W Galerii Stowarzyszenia Absolwentów UWM

W pierwszym kwartale tego roku w Galerii Stowarzyszenia Absolwentów UWM, mieszczącej się na antresoli Biblioteki Uniwersyteckiej odbyły się trzy wystawy.

Tak blisko a tak pięknie

Taka myśl, być może, zrodziła się w myślach gości styczniowej wystawy fotografii Jacka Sztorca pt „Krajobrazy Warmińskie”, która prezentowana była w Bibliotece Uniwersyteckiej od 9 stycznia do końca miesiąca. Ekspozycja obejmowała 28 fotogramów „niezwykłych” plenerów „zwykłych” lasów, łąk, pól w olsztyńskich okolicach. Niezwykłość tych fotografii tworzyły subtelne barwy, wielość odcieni zieleni, błękitów, szarości, delikatne światło, półcienie różnicujące wielość planów, przepiękne kompozycje i oczywiście doskonały warsztat wykonania. Artysta pokazał zakątki pełne zadumy, rytmy natury, pory roku obserwowane w różnych częściach dnia. Odkrywał przed widzami piękno warmińskiej ziemi, zatrzymując w kadrze nastrój, ciszę i piękno otaczającej nas przyrody. Chciałoby się tam być, zanurzyć się w zieleni tej urokliwej krainy i podziwiać.

Pan Jacek Sztorc, urodzony i mieszkający w Olsztynie, jest pracownikiem Wydziału Medycyny Weterynaryjnej Uniwersytetu Warmińsko – Mazurskiego. Fotografią zajmuje się od około czterdziestu lat. Właśnie pejzaż należy do jego głównych fotograficznych zainteresowań, a najważniejszym motywem jest warmiński krajobraz. Artysta nazywany jest nawet „cichym poetą warmińskiego krajobrazu”.

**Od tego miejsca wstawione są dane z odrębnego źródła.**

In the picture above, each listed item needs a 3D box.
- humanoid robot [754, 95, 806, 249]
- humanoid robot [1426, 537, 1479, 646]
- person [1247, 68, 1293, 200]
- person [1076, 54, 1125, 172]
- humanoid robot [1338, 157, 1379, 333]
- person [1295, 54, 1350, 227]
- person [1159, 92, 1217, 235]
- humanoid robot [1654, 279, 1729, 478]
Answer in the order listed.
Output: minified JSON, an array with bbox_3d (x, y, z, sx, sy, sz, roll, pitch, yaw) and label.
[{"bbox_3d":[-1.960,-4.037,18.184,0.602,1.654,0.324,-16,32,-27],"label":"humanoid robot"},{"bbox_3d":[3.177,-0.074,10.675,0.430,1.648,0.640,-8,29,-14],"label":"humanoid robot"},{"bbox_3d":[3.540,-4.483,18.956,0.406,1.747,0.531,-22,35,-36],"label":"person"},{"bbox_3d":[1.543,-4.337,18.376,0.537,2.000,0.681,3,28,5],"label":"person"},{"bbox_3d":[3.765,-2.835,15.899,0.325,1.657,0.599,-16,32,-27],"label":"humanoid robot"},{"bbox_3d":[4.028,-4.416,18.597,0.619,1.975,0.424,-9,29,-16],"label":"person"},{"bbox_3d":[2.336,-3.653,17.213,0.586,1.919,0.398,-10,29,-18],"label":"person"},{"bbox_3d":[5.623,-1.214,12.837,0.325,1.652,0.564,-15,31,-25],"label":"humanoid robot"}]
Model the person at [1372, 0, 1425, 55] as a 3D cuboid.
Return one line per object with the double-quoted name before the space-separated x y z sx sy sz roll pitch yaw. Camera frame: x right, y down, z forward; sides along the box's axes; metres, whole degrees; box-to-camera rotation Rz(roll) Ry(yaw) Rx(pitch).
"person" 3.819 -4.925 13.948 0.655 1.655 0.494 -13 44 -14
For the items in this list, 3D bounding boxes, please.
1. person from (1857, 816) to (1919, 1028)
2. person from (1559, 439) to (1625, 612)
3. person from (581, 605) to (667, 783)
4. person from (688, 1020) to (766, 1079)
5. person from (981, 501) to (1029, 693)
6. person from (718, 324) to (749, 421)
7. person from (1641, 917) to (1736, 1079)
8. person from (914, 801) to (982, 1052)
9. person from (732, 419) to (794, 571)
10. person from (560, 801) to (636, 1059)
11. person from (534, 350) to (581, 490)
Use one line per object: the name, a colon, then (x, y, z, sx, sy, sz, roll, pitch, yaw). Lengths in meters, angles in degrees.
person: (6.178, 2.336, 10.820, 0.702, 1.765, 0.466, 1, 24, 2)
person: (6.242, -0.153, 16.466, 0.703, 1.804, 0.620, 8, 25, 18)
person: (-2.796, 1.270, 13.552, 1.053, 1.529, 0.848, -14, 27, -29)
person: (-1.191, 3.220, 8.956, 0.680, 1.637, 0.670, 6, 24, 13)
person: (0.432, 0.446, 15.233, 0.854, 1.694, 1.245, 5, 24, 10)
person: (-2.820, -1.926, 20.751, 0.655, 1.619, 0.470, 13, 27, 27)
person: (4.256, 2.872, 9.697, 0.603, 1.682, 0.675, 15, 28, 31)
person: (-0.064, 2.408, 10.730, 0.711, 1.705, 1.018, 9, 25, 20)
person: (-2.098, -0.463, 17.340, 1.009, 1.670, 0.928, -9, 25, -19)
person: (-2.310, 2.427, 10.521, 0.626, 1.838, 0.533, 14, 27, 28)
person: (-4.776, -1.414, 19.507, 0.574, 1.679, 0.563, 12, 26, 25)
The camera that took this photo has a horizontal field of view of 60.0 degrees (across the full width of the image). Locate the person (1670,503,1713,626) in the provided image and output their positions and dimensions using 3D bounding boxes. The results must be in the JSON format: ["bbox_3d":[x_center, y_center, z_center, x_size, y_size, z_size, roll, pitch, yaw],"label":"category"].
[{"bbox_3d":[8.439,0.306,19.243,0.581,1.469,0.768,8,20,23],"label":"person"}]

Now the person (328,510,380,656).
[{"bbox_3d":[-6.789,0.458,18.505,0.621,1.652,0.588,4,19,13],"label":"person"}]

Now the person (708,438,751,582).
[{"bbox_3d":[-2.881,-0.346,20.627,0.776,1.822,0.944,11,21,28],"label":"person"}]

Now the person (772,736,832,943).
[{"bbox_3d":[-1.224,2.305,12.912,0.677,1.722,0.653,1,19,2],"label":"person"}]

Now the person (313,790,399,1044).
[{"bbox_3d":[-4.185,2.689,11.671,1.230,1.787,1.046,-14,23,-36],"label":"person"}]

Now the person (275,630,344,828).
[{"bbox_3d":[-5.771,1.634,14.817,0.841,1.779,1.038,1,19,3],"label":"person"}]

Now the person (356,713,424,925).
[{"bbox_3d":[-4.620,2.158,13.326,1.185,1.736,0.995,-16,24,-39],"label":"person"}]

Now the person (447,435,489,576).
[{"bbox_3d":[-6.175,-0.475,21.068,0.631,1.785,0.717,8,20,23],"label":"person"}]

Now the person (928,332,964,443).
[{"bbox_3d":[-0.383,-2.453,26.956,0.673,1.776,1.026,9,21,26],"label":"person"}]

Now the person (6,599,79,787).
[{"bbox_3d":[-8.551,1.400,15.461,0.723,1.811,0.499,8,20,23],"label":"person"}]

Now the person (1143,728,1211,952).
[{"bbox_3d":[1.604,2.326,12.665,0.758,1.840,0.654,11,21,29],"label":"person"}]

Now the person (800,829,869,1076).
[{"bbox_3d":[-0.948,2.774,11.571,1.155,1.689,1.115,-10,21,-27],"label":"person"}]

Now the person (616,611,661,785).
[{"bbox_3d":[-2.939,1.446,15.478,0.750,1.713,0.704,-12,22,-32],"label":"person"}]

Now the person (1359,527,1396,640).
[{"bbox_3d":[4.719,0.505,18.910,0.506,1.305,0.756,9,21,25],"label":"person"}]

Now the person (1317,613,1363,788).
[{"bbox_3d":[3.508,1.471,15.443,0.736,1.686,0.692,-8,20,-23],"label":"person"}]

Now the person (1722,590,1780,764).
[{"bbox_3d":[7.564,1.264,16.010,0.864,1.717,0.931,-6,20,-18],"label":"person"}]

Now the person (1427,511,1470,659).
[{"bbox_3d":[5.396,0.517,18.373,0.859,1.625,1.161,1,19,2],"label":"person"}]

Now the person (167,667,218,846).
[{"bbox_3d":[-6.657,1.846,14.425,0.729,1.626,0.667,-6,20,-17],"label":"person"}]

W ostatnim dziesięcioleciu miał 13 wystaw indywidualnych. Należał do Warmińsko-Mazurskiego Towarzystwa Fotograficznego, aż do jego rozwiązania. Obecnie współpracuje stale z Fundacją „Borussia”.  Jest autorem zdjęć do wielu książek, folderów reklamowych i krajoznawczych.  Uprawia także fotografię komercyjną, specjalizując się w fotografii wnętrz.

Kolory dzieciństwa

Pomimo srogiej zimy w galerii na antresoli, zagościły radosne barwy, za sprawą Agnieszki Kurlendy i jej wystawy pt. „Kolory dzieciństwa”, trwającej od 8 lutego. Artystka zaprezentowała wiele obrazów, wykonanych w technice oleju i akrylu, w których bohaterami są dzieci. To niezwykłe obrazy i niezwykłe dzieci a przede wszystkim niezwykłe emocje.

Agnieszka Kurlenda urodziła się w Warszawie, mieszka i pracuje w Olsztynie. Ukończyła Liceum Sztuk Plastycznych w Olsztynie w profilu wystawienniczym a następnie Wydział Pedagogiki i Wychowania Artystycznego UWM, gdzie uzyskała dyplom w dziedzinie grafiki warsztatowej i tytuł mgr sztuki. W malarstwie najbardziej interesuje ją człowiek, jako istota emocjonalna. Najłatwiej zaobserwować emocje u dzieci. Ten fakt zauważyła, pracując po studiach z dziećmi i to zainspirowało ją do stworzenia prezentowanego cyklu „Kolory dzieciństwa”.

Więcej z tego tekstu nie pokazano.